Os distritais envolvidos no suposto esquema de desvios de emendas parlamentares da saúde já tinham tentado obter acesso às gravações ambientais com base na tese de que não poderiam se contrapor às acusações sem terem amplo acesso às provas colhidas pelos investigadores. Mas o pedido foi negado pelo relator do caso, o desembargador José Divino de Oliveira. Diante da recusa, Celina  e Cristiano ingressaram no STF usando do expediente da Reclamação.

Em agosto de 2016, a Polícia Civil e o Ministério Público do Distrito Federal e Territórios (MPDFT) estiveram na Câmara Legislativa por duas vezes. Eles queriam provas contra Celina Leão, Cristiano Araújo, Bispo Renato Andrade (PR), Raimundo Ribeiro (PPS) e Julio Cesar (PRB). Os distritais são acusados de participar de um esquema de corrupção envolvendo a aprovação de emendas em troca de propina.

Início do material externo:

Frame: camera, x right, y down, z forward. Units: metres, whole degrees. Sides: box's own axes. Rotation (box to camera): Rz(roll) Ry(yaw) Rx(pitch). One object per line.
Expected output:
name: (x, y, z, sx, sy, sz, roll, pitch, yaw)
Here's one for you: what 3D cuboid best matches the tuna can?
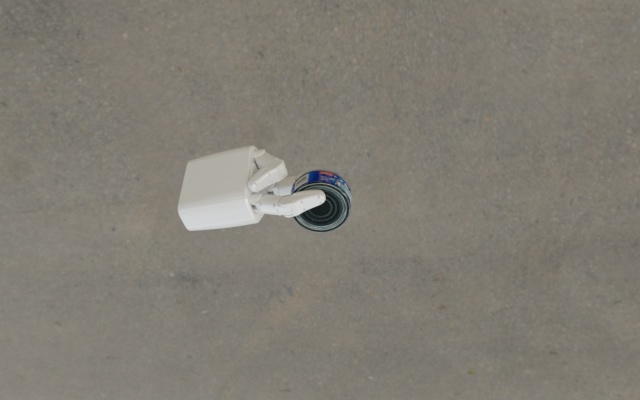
tuna can: (0.000, 0.002, 0.659, 0.086, 0.086, 0.033, 0, 34, 3)
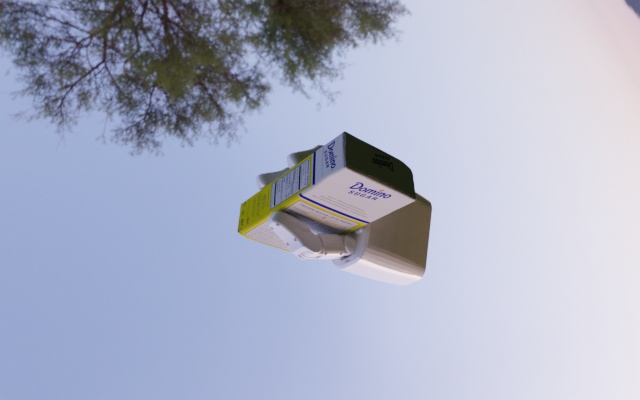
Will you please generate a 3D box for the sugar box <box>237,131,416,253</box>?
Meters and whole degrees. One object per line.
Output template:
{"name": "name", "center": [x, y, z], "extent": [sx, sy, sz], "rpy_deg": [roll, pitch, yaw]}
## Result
{"name": "sugar box", "center": [0.000, 0.001, 0.489], "extent": [0.093, 0.048, 0.176], "rpy_deg": [23, -38, -34]}
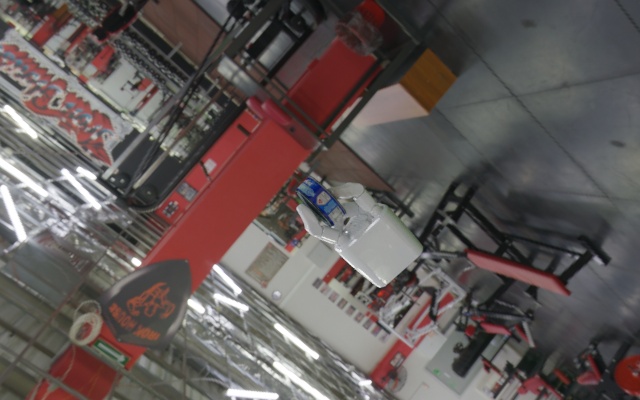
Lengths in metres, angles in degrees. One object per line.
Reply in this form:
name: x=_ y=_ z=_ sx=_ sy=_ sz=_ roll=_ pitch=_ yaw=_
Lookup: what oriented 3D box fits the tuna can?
tuna can: x=0.000 y=0.003 z=0.766 sx=0.034 sy=0.086 sz=0.086 roll=-45 pitch=7 yaw=-7
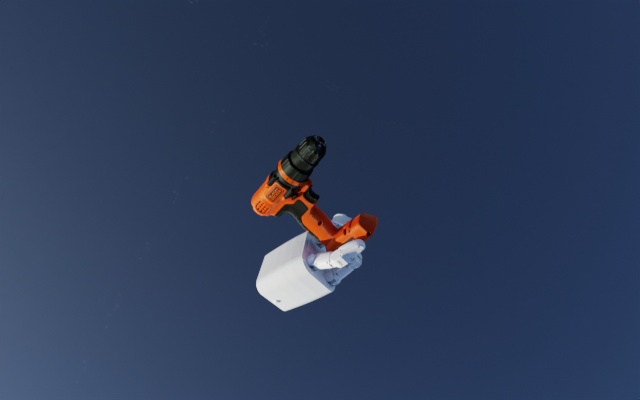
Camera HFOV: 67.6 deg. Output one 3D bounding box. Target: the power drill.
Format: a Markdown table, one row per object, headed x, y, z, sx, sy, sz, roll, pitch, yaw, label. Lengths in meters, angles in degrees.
| x | y | z | sx | sy | sz | roll | pitch | yaw | label |
| --- | --- | --- | --- | --- | --- | --- | --- | --- | --- |
| 0.000 | 0.003 | 0.780 | 0.184 | 0.187 | 0.057 | -44 | 10 | 38 | power drill |
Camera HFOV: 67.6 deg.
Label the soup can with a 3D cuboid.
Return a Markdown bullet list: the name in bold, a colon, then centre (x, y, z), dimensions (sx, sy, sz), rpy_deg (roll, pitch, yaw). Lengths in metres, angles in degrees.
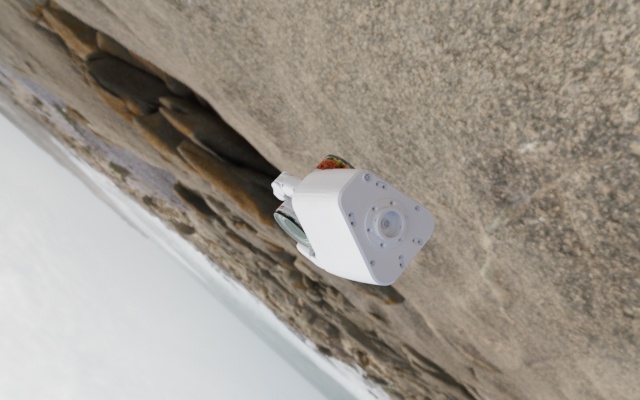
- **soup can**: centre (0.000, 0.002, 0.593), dimensions (0.068, 0.102, 0.068), rpy_deg (38, -18, 14)
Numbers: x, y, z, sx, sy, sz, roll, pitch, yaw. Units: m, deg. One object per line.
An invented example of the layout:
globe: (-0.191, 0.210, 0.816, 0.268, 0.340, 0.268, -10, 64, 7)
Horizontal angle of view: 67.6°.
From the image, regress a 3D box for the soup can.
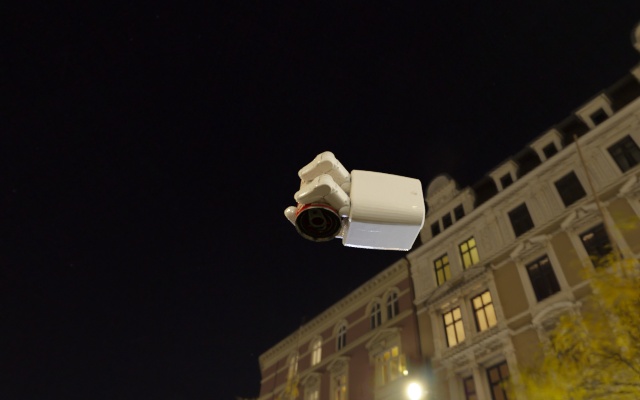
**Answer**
soup can: (0.000, 0.002, 0.724, 0.068, 0.069, 0.102, 0, 41, 5)
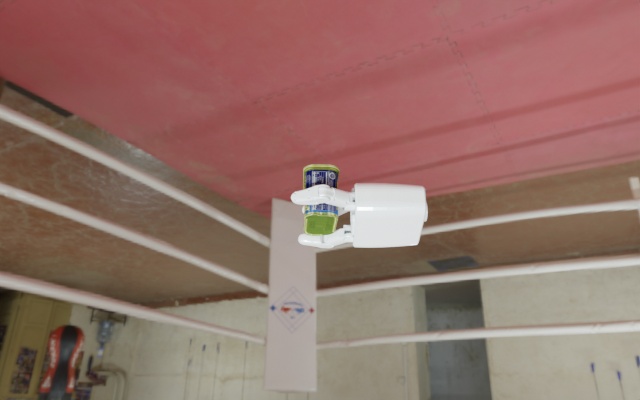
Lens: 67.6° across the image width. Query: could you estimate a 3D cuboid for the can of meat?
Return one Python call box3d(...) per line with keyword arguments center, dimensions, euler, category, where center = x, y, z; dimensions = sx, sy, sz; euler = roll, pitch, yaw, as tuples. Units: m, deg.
box3d(center=(0.000, 0.003, 0.764), dimensions=(0.057, 0.084, 0.102), euler=(1, -23, -2), category="can of meat")
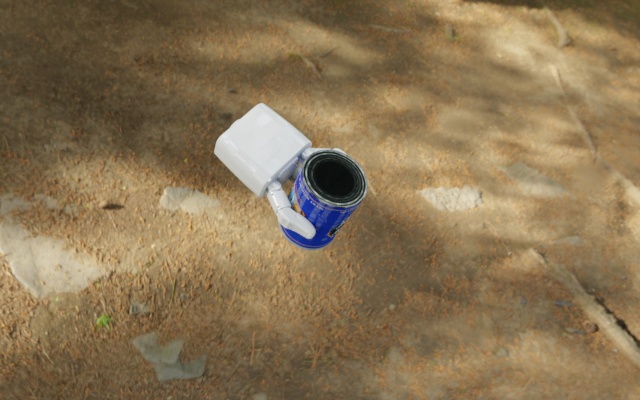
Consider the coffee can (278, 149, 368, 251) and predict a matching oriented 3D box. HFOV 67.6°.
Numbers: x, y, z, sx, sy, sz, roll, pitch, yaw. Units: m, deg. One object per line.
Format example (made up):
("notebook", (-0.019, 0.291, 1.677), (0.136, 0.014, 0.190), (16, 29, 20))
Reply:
("coffee can", (0.000, 0.003, 0.749), (0.103, 0.102, 0.140), (0, -31, -22))
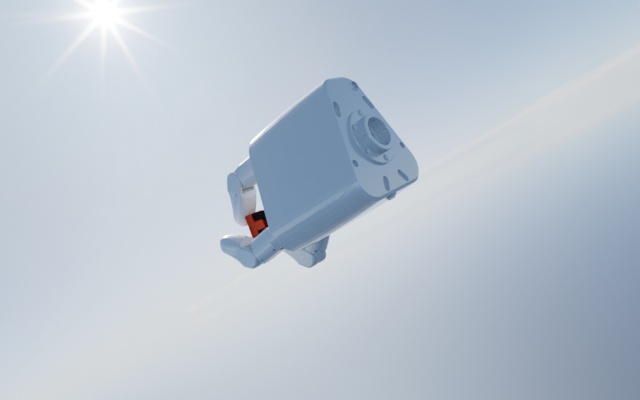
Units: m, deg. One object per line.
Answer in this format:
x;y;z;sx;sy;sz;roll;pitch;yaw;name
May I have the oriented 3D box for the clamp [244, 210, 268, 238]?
0.000;0.001;0.519;0.120;0.039;0.171;-32;-6;41;clamp
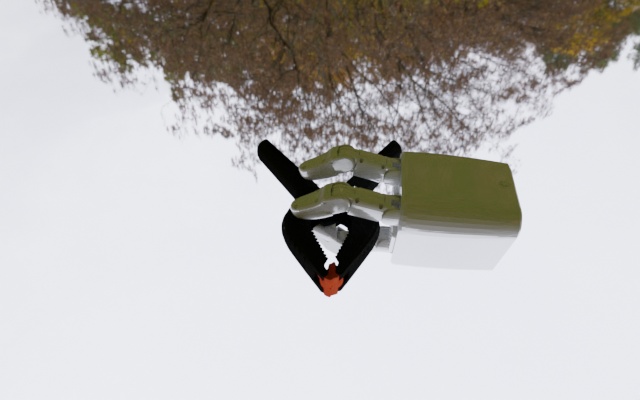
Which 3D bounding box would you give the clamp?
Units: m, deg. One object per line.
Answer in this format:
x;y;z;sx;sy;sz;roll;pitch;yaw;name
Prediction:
0.000;0.003;0.488;0.164;0.036;0.209;4;44;6;clamp
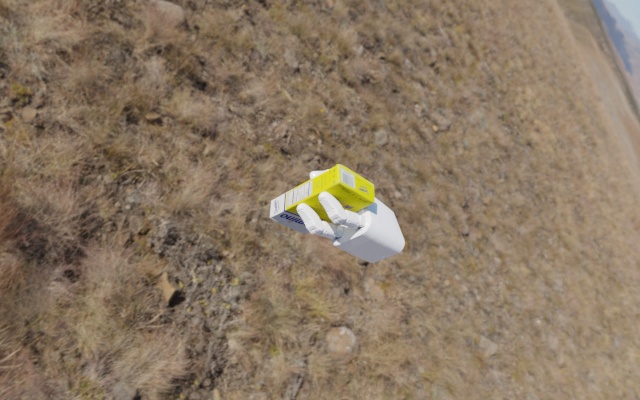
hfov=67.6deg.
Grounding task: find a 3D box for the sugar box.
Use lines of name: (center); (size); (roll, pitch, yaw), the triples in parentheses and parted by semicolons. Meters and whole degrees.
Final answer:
sugar box: (0.000, 0.003, 0.854); (0.093, 0.048, 0.176); (28, -43, -36)
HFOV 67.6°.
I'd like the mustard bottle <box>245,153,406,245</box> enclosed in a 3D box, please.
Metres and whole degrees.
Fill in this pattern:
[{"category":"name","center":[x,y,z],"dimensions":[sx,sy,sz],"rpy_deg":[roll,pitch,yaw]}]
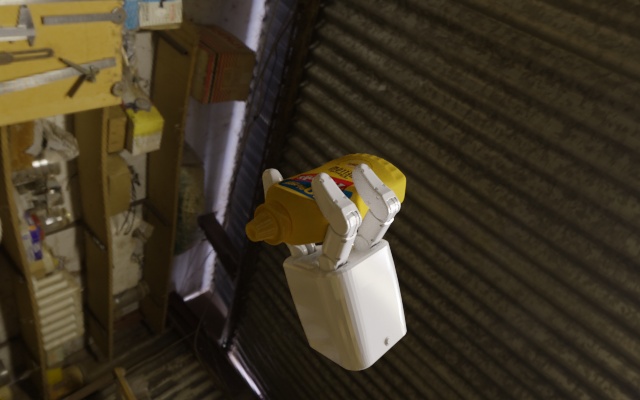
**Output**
[{"category":"mustard bottle","center":[0.000,0.001,0.500],"dimensions":[0.096,0.058,0.191],"rpy_deg":[24,33,35]}]
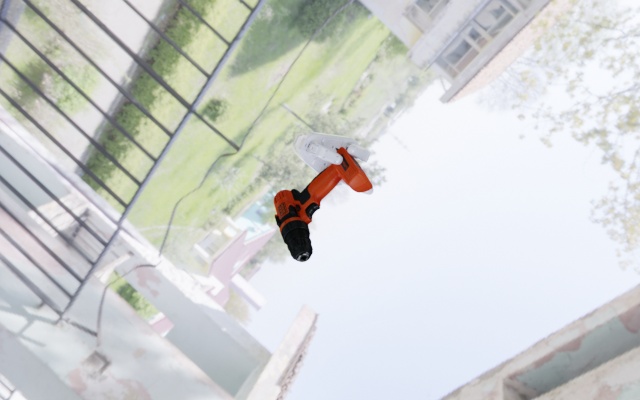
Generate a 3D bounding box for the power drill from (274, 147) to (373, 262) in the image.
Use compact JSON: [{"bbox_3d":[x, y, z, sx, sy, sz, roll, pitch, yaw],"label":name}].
[{"bbox_3d":[0.000,0.002,0.860,0.057,0.188,0.184,43,14,-38],"label":"power drill"}]
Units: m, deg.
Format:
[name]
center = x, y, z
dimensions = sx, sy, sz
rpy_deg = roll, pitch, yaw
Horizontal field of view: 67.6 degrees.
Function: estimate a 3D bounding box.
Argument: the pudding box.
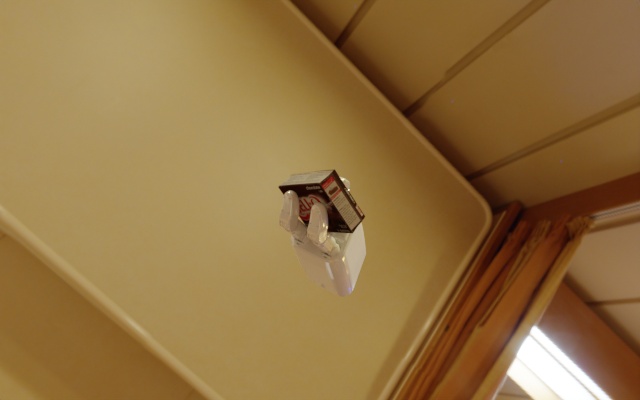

Na primeira operação, os agentes retiraram documentos dos gabinetes dos distritais investigados pela Drácon. Na mesma ação, foram instaladas escutas ambientais nas salas dos parlamentares, em busca de evidências sobre o suposto esquema de corrupção.

A defesa dos deputados e suas assessorias foram procuradas, mas não se manifestaram até a última atualização desta reportagem. Na próxima terça-feira (21/3), o pleno do Tribunal de Justiça do Distrito Federal e Territórios (TJDFT) analisa se recebe ou não as denúncias contra os cinco parlamentares investigados no âmbito da Drácon.